Source code in genlm/eval/core/runner.py
async def run_evaluation(
    dataset,
    model,
    evaluator,
    output_dir=None,
    n_replicates=1,
    overwrite_results=False,
    overwrite_outputs=False,
    max_instances=float("inf"),
    verbosity=0,
):
    """Run evaluation on a dataset using the provided model and evaluator.

    Args:
        dataset (Dataset): The dataset to evaluate on.
        model (ModelAdaptor): The model adaptor to use for generation.
        evaluator (Evaluator): The evaluator to use for prompt generation and evaluation.
        output_dir (str, optional): The directory to save the results. Defaults to None, in which case results are not saved.
        n_replicates (int, optional): Number of times to replicate the evaluation. Defaults to 1.
        overwrite_results (bool, optional): Whether to overwrite existing evaluation results. Defaults to False.
        overwrite_outputs (bool, optional): Whether to overwrite existing output. Defaults to False.
        max_instances (int, optional): The maximum number of instances to evaluate. Defaults to float("inf").
        verbosity (int, optional): The verbosity of the evaluation. Defaults to 0, which is silent.

    Returns:
        (Dict[str, Any]): Aggregated evaluation results.
    """
    all_results = []
    all_instance_results = []
    all_instance_outputs = []

    if overwrite_outputs and not overwrite_results:
        raise ValueError(
            "Cannot overwrite outputs without overwriting results. (Hint: set overwrite_results=True)"
        )

    if output_dir is not None and not os.path.exists(output_dir):
        os.makedirs(output_dir)  # pragma: no cover

    n_instances = 0
    for instance in dataset:
        n_instances += 1

        instance_results = []
        instance_outputs = []
        instance_id = instance.instance_id

        for i in range(n_replicates):
            output = None
            result = None
            if output_dir is not None:
                instance_output_path = os.path.join(
                    output_dir, f"{instance_id}-{i}-output.json"
                )
                instance_results_path = os.path.join(
                    output_dir, f"{instance_id}-{i}-results.json"
                )

                # Try loading cached files if not overwriting
                if not overwrite_outputs:
                    output = _load_cached_output(instance_output_path)
                if not overwrite_results:
                    result = _load_cached_results(instance_results_path)
            else:
                instance_output_path = None
                instance_results_path = None

            # Generate new output if needed
            wrote_output = False
            if output is None:
                output = await model(instance, output_dir, replicate=i)
                if instance_output_path is not None:
                    wrote_output = True
                    _save_output(output, instance_output_path)
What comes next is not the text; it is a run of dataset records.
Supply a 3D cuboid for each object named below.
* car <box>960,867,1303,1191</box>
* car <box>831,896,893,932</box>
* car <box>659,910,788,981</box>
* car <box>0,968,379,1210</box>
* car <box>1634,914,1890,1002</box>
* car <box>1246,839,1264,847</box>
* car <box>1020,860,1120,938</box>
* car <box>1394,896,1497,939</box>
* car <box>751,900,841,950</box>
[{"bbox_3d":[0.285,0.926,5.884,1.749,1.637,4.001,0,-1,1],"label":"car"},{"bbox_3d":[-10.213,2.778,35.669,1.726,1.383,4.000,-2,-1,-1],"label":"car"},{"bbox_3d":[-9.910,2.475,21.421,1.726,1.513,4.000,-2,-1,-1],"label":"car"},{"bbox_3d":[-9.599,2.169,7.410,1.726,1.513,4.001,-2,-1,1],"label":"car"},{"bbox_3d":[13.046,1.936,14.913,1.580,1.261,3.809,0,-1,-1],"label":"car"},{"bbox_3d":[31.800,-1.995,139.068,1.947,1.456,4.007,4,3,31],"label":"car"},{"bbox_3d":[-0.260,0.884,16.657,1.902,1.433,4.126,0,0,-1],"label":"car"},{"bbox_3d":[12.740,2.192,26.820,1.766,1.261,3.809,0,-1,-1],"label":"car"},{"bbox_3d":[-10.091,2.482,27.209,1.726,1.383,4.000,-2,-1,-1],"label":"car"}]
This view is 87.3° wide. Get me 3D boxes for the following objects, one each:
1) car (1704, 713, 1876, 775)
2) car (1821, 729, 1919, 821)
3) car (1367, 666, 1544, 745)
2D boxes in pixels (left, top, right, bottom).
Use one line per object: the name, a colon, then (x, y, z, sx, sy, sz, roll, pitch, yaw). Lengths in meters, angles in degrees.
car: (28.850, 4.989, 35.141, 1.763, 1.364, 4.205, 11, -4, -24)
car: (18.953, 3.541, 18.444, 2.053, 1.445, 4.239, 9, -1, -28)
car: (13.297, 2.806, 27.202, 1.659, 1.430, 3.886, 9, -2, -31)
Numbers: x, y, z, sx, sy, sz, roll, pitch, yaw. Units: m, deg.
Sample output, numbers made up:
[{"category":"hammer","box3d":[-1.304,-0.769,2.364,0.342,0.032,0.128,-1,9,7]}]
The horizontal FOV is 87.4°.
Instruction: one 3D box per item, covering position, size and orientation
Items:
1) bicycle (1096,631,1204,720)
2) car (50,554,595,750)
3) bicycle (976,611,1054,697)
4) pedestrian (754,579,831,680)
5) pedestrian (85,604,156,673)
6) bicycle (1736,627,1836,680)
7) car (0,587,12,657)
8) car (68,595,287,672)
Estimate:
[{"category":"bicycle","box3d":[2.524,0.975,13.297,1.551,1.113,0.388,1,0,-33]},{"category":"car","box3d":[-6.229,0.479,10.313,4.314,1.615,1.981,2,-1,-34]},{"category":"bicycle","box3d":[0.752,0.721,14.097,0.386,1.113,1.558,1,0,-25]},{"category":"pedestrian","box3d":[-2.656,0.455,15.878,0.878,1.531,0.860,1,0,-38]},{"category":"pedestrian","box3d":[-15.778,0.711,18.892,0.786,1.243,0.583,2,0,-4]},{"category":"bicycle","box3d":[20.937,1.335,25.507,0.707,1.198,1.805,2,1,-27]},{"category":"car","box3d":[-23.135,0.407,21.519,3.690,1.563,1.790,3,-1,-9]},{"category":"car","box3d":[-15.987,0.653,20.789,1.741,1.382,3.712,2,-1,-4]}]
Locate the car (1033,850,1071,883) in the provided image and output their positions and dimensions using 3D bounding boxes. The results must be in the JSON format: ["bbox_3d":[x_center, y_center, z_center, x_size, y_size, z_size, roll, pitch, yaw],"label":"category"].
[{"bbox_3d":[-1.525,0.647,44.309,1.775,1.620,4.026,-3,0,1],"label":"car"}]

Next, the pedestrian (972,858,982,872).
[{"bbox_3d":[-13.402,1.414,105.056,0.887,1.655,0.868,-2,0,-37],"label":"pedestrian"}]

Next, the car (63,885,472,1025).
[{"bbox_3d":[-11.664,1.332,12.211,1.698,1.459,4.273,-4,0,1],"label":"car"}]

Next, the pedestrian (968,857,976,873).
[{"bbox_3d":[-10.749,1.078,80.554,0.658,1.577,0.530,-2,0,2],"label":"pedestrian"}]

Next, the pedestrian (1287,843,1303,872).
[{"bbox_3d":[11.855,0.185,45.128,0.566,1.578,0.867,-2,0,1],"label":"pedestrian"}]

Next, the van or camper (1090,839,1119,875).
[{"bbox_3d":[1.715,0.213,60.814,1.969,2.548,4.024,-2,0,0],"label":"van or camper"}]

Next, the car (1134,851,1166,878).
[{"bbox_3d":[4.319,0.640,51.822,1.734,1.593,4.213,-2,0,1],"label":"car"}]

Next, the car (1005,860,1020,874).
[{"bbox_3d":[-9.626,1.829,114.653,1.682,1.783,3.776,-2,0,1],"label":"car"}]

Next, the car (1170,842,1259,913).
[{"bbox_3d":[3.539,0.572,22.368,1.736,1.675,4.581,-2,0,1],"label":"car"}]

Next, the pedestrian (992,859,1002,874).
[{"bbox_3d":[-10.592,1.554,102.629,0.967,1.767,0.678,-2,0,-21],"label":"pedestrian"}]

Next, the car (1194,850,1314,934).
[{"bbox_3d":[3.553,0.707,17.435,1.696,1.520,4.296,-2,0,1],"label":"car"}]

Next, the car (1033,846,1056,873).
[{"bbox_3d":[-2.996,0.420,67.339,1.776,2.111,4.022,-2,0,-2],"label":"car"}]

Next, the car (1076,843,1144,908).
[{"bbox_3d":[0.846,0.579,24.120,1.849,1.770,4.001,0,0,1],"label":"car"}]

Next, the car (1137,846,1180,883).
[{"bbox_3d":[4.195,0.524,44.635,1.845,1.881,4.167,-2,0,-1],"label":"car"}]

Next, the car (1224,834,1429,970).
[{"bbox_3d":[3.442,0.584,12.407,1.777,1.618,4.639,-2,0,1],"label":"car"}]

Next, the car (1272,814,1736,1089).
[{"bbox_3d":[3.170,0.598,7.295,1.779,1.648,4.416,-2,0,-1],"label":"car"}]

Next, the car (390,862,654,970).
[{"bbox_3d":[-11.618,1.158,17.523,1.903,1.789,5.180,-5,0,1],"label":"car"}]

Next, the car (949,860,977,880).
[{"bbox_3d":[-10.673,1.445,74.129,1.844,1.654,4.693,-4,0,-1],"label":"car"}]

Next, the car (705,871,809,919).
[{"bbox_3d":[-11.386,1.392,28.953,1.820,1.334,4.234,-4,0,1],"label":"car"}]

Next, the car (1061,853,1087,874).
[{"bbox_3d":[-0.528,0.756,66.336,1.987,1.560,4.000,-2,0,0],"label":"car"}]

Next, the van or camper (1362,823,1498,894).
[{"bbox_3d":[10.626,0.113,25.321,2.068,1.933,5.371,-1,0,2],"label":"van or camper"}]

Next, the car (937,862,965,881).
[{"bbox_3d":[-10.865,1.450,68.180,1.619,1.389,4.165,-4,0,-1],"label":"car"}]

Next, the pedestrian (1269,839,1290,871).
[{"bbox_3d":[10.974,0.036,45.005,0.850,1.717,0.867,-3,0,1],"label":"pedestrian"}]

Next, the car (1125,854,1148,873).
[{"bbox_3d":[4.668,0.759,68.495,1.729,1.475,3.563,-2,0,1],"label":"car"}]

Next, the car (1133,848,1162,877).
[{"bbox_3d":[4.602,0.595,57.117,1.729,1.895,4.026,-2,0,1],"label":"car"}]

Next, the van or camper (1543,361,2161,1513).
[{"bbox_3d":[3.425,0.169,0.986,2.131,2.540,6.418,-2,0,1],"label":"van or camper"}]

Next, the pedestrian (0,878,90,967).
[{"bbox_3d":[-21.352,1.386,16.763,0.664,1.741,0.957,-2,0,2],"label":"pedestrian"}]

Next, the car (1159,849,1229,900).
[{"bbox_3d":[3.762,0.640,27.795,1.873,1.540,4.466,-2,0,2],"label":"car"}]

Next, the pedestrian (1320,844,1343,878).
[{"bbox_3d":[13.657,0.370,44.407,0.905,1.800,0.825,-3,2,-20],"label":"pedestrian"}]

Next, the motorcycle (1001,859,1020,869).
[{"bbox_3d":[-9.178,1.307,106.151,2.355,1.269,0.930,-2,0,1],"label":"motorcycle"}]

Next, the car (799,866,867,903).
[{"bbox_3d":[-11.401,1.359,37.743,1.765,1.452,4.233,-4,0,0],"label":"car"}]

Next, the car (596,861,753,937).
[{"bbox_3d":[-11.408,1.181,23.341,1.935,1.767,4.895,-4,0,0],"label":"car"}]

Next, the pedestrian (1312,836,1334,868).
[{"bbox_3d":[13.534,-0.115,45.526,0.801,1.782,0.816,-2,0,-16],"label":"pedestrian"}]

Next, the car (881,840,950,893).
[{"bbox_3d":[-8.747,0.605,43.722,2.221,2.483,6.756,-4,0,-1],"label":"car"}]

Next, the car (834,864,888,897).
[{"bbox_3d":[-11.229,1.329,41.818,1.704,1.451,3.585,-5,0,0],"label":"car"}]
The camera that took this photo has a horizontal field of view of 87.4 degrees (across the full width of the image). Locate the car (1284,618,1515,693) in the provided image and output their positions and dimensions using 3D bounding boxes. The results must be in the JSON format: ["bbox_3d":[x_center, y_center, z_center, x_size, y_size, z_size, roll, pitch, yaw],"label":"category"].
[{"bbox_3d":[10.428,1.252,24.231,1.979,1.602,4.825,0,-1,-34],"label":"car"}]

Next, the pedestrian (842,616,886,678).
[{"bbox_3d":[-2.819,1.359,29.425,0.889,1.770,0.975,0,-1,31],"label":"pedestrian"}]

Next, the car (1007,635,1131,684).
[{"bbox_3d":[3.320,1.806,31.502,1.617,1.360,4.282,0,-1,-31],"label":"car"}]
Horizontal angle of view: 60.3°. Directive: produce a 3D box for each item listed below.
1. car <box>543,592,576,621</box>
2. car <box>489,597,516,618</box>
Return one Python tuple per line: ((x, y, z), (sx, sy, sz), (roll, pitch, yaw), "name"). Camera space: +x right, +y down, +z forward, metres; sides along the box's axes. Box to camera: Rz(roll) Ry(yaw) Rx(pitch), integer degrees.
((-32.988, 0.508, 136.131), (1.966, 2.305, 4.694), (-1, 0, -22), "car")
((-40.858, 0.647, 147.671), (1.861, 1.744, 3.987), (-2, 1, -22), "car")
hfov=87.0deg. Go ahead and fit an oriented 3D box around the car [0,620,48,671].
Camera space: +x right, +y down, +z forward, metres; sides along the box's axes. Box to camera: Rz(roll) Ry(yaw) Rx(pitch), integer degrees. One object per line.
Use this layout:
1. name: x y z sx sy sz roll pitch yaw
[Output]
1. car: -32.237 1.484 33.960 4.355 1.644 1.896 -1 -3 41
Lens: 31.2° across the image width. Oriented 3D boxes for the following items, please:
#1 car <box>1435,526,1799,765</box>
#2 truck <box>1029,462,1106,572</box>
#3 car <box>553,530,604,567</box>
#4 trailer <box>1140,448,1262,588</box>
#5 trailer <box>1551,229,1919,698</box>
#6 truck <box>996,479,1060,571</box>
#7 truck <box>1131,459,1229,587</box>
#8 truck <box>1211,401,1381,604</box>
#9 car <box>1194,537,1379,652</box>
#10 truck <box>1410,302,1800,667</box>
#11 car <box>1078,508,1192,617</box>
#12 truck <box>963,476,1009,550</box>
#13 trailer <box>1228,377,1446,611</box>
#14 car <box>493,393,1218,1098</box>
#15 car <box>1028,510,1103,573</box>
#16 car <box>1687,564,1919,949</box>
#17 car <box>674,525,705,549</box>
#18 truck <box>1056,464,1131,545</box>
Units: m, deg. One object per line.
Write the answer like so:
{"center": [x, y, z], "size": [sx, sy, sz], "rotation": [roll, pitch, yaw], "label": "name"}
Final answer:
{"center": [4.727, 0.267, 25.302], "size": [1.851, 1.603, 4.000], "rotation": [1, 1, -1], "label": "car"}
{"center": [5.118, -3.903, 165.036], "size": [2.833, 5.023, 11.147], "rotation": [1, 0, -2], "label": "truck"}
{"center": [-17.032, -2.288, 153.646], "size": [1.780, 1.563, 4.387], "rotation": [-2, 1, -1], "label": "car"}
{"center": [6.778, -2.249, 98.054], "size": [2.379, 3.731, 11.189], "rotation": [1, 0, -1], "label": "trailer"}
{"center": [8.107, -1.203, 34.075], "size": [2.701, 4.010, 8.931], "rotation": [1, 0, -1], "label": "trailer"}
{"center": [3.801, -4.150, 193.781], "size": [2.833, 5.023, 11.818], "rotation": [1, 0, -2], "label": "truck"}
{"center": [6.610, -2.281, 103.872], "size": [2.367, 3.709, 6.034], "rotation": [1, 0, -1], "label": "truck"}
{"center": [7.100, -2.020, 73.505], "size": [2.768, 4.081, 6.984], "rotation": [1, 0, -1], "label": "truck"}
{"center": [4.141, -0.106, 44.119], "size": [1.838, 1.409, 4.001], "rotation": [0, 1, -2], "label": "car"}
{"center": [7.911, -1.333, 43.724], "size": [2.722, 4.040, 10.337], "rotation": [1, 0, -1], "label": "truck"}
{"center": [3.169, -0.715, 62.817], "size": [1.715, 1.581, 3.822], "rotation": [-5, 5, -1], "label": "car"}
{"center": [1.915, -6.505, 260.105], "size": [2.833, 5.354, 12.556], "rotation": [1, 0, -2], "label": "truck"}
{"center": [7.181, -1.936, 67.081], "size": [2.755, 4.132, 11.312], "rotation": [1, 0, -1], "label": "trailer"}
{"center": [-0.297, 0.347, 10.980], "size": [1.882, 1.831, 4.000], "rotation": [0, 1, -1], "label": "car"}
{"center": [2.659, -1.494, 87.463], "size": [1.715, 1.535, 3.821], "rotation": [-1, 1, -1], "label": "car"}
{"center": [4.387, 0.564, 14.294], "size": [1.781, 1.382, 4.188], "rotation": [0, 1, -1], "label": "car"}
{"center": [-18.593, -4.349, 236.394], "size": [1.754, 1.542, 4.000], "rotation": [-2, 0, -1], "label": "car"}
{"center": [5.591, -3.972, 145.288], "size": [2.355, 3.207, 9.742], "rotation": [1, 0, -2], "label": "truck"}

            # Evaluate if we need new results (no results, overwriting results, or wrote new output)
            if result is None or overwrite_results or wrote_output:
                result = evaluator.evaluate_ensemble(instance, output)
                if instance_results_path is not None:
                    _save_results(result, instance_results_path)

            instance_results.append(result)
            instance_outputs.append(output)

        avg_instance_result = {
            "weighted_accuracy": sum(r["weighted_accuracy"] for r in instance_results)
            / n_replicates,
        }
        all_results.append(avg_instance_result)
        all_instance_results.append(instance_results)
        all_instance_outputs.append(instance_outputs)

        if verbosity > 0:
            print(f"Instance {instance}")
            print(
                f"Mean weighted accuracy (instance): {avg_instance_result['weighted_accuracy']}"
            )
            print(
                f"Mean weighted accuracy (total): {sum(r['weighted_accuracy'] for r in all_results) / len(all_results)}"
            )
            print()

        if n_instances >= max_instances:
            break

    return {
        "average_weighted_accuracy": sum(r["weighted_accuracy"] for r in all_results)
        / len(all_results),
        "n_instances": len(all_results),
        "all_instance_results": all_instance_results,
        "all_instance_outputs": all_instance_outputs,
    }